Question

Let alpha, and beta denote the cube root of unity other than 1 and alpha not equal beta. If \[S = {\sum\limits_{n = 0}^{302} {{{\left( { - 1} \right)}^n}\left( {\dfrac{\alpha }{\beta }} \right)} ^n}...\left( 1 \right)\]. Then the value of S is

Answer 1

Hint: In this question, we need to find the value of S. For that, we know that \[1,\omega ,{\omega ^2}\] are the three cube roots of unity then assume that \[\beta = \omega \] and \[\alpha = {\omega ^2}\] then substitute this value in S which is given and simplifying it to get the desired result.

Formula used:
We have used the following formulas:
 \[
  {S_n} = \dfrac{{a\left( {1 - {r^n}} \right)}}{{1 - r}} \\
  Where\,\, \\
  a = first\,term \\
  r = common\,ratio \\
  n = number\,of\,terms
 \]

Complete step-by-step solution:
Given that \[S = {\sum\limits_{n = 0}^{302} {{{\left( { - 1} \right)}^n}\left( {\dfrac{\alpha }{\beta }} \right)} ^n}...\left( 1 \right)\]
Now we know that there are three cube roots of unity \[1,\omega ,{\omega ^2}\]
Now let us assume that \[\beta = \omega \] and \[\alpha = {\omega ^2}\]
Now substitute these values in equation (1):
\[
  S = {\sum\limits_{n = 0}^{302} {{{\left( { - 1} \right)}^n}\left( {\dfrac{{{\omega ^2}}}{\omega }} \right)} ^n} \\
  S = {\sum\limits_{n = 0}^{302} {{{\left( { - 1} \right)}^n}\left( \omega \right)} ^n}
 \]
Now When \[n = 0\]
\[
  S = {\left( { - 1} \right)^0}{\left( \omega \right)^0} \\
   = 1
 \]
When \[n = 1\]
\[
  S = {\left( { - 1} \right)^1}{\left( \omega \right)^1} \\
   = \left( { - 1} \right)\left( \omega \right) \\
   = - \omega
 \]
When \[n = 2\]
\[
  S = {\left( { - 1} \right)^2}{\left( \omega \right)^2} \\
   = \left( 1 \right)\left( {{\omega ^2}} \right) \\
   = {\omega ^2}
 \]
When \[n = 3\]
\[
  S = {\left( { - 1} \right)^3}{\left( \omega \right)^3} \\
   = \left( { - 1} \right)\left( {{\omega ^3}} \right) \\
   = - {\omega ^3}
 \]
When \[n = 4\]
\[
  S = {\left( { - 1} \right)^4}{\left( \omega \right)^4} \\
   = \left( 1 \right)\left( {{\omega ^4}} \right) \\
   = {\omega ^4}
 \]
When \[n = 302\]
\[
  S = {\left( { - 1} \right)^{302}}{\left( \omega \right)^{302}} \\
   = \left( 1 \right)\left( {{\omega ^{302}}} \right) \\
   = {\omega ^{302}}
 \]
Therefore, the series becomes
\[S = 1 - \omega + {\omega ^2} - {\omega ^3} + {\omega ^4} + ....... + {\omega ^{302}}\]
Now we can see that the above series is a G.P series because it has a constant common factor as it increases.
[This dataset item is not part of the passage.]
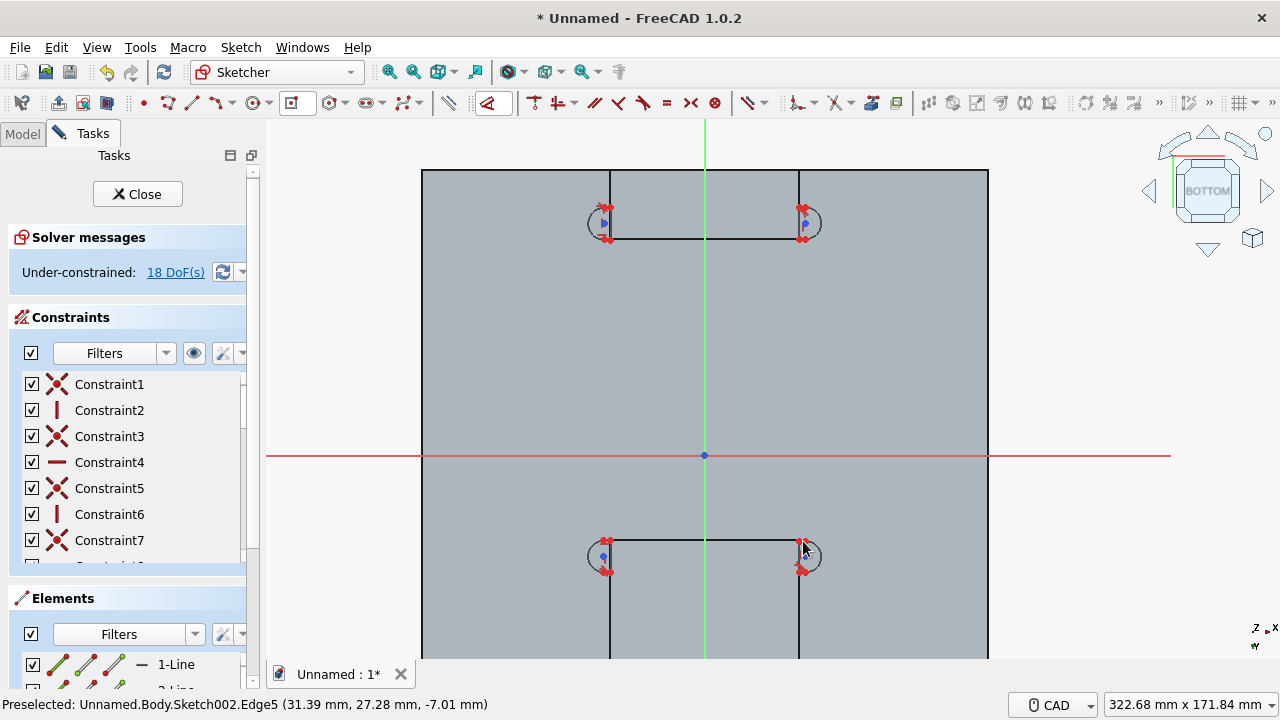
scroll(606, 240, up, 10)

Therefore,
 \[
  a = 1 \\
  r = \dfrac{b}{a} \\
   = \dfrac{{ - \omega }}{1} \\
   = \omega
 \]
We know that \[{S_n} = \dfrac{{a\left( {1 - {r^n}} \right)}}{{1 - r}}\]
Now substitute all the values in the formula:
\[
  {S_n} = \dfrac{{1\left( {1 - {{\left( { - \omega } \right)}^{303}}} \right)}}{{1 + \omega }} \\
   = \dfrac{{1 + {\omega ^{303}}}}{{1 + \omega }} \\
 \]
We know the property that \[{\omega ^{3n}} = 1,\,{\omega ^{3n + 1}} = \omega ,\,\,{\omega ^{3n + 2}} = {\omega ^2}\]
By substituting the value from this property, we get
\[
  {S_n} = \dfrac{{1 + 1}}{{1 + \omega }} \\
   = \dfrac{2}{{1 + \omega }}
 \]
To simplifying the above equation, we add and subtract \[{\omega ^2}\] in the denominator:
\[{S_n} = \dfrac{2}{{1 + \omega - {\omega ^2} + {\omega ^2}}}\]
We know that \[1 + \omega + {\omega ^2} = 0\]
By substituting this value in above, we get
\[
  {S_n} = - \dfrac{2}{{{\omega ^2}}} \\
   = - \dfrac{2}{{{\omega ^2}}} \times \dfrac{\omega }{\omega }\left( {rationalizing} \right) \\
   = \dfrac{{ - 2\omega }}{{{\omega ^3}}} \\
   = - 2\omega \left[ {\because {\omega ^3} = 1} \right]
 \]
Hence, the value of S is \[ - 2\omega \]

Note: Students must be very careful when solving the summation of the series because a calculation error may occur, and they must be familiar with the sum of the series formula which is
\[
  {S_n} = \dfrac{{a\left( {1 - {r^n}} \right)}}{{1 - r}} \\
  Where\,\, \\
  a = first\,term \\
  r = common\,ratio \\
  n = number\,of\,terms
 \]